OK, we might have found 157 entries that weren't caught with the previous splitting expression, meaning we might have gained 314 entries that were either not present or invalid in the previous data set. Let's see if that's really what happened.

In [None]:
# It can be much more efficient to do things like check if elements in
# one sequence exist in another using pandas objects rather than the
# standard python library, so I flatten the lists of lists of entries
# into pandas series containing all the entries.
old_entries = pd.Series(
    [e for page in entries_by_page for e in page],
    dtype=pd.StringDtype()
)
new_entries = pd.Series(
    [e for page in new_entries_by_page for e in page],
    dtype=pd.StringDtype()
)

# strip nonprinting characters and replace all newlines in each entry
# with spaces
old_entries = old_entries.str.strip()
new_entries = new_entries.str.strip()
old_entries = old_entries.str.replace('\n', ' ')
new_entries = new_entries.str.replace('\n', ' ')

# Get new entries that don't exist in the old set
new_entries = new_entries.loc[~new_entries.isin(old_entries)]

print(f'number of new entries: {len(new_entries)}')

# plot a histogram of lengths of the new entries
fig2 = new_entries.map(len).hist(bins=range(0, 400, 5))

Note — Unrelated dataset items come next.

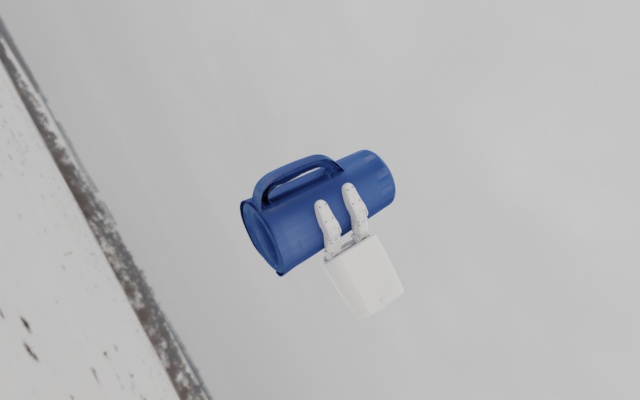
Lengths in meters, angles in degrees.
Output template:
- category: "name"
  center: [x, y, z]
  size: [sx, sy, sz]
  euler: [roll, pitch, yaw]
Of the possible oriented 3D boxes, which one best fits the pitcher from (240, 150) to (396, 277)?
- category: "pitcher"
  center: [0.000, 0.003, 0.775]
  size: [0.243, 0.145, 0.149]
  euler: [-29, -1, -22]
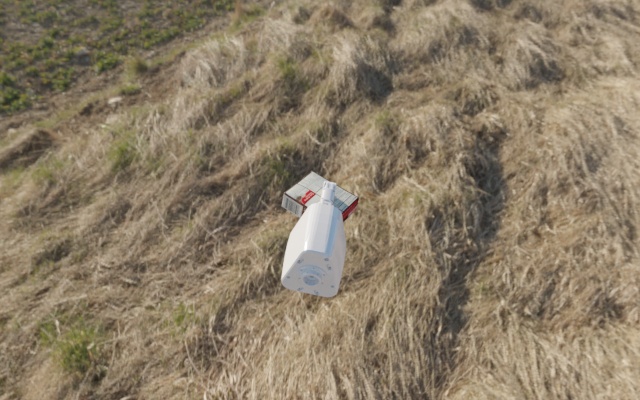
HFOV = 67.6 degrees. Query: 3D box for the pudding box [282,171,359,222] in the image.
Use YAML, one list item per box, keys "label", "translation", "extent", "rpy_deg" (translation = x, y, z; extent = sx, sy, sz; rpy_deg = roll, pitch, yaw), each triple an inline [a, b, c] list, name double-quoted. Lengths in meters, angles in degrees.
- label: "pudding box"
  translation: [0.000, 0.003, 0.875]
  extent: [0.113, 0.039, 0.090]
  rpy_deg: [32, 46, 19]
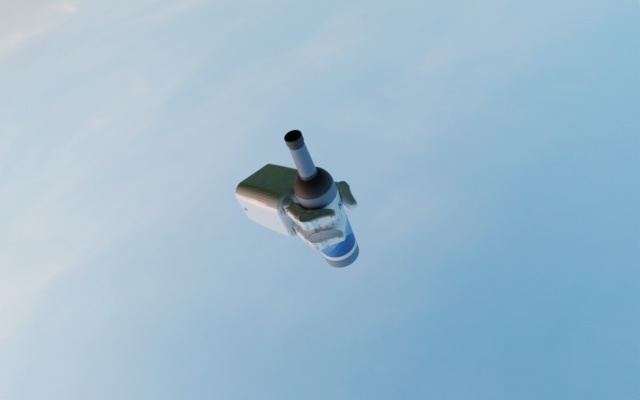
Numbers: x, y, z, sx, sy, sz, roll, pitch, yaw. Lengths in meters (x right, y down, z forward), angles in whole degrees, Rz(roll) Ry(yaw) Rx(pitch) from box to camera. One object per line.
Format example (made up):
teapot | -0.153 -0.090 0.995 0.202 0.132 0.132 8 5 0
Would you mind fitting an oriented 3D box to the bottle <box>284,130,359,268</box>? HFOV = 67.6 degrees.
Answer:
bottle | 0.000 0.003 0.791 0.069 0.069 0.296 0 -41 21
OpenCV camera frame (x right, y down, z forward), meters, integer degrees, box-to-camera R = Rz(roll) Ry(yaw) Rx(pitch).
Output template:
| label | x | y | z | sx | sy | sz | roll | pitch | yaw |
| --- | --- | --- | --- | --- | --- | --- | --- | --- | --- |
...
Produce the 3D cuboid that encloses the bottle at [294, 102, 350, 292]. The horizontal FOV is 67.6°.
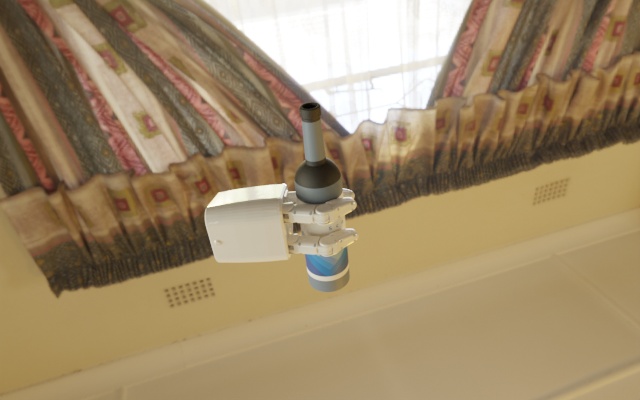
| label | x | y | z | sx | sy | sz | roll | pitch | yaw |
| --- | --- | --- | --- | --- | --- | --- | --- | --- | --- |
| bottle | 0.000 | 0.002 | 0.686 | 0.069 | 0.296 | 0.069 | -4 | 34 | 3 |

The histogram we started with covers nearly 20,000 entries. Here we have only 300, but the plot generated in the previous cell already looks extremely similar to the one at the top of the document. This means we can probably assume the entries we've produced here are just as good as the rest of the entries we're already capturing. Probably! I haven't actually looked at the new entries in detail, but it's 0200 and I need to finish this up.

## <u>Wrapping up</u>

The goal here was to demonstrate how to play around with the data and the code for our summer project. The general method I followed was something like the following:
1. Get some kind of overview of the output from our current parsing operations. I went with the size of the strings but there are all kinds of ways to do this. You could think about features of strings that have words in all caps and compare them to strings that don't have capitalized words (publishers in the author-first entries are almost always capitalized). You could start by exploring the dataframes, where the strings have been parsed out into specific fields, rather than thinking about whole entries. Explore the results we have and find something you think is interesting. If you can't think of a way to use that feature to explore the data, run it by one of your colleagues and see what they think. Your team is always your best asset!
2. Use that view of the data to characterize what's working and what isn't. In this case it was clear that unreasonably short or long strings were going to have some errors, so I was able to look at those entries to see where there might be problems in the existing process.
3. Find out which part of the existing code is relevant for the feature you're interested in. This part is probably going to be hard if you haven't had a much experience with programming. If it isn't obvious how to proceed after you've had a look at some of the scripts, ask me or Anna how to do what you want to do.
4. See if you can modify the code to get different results.
5. Use the same overview process you started with to compare your new result with the old one.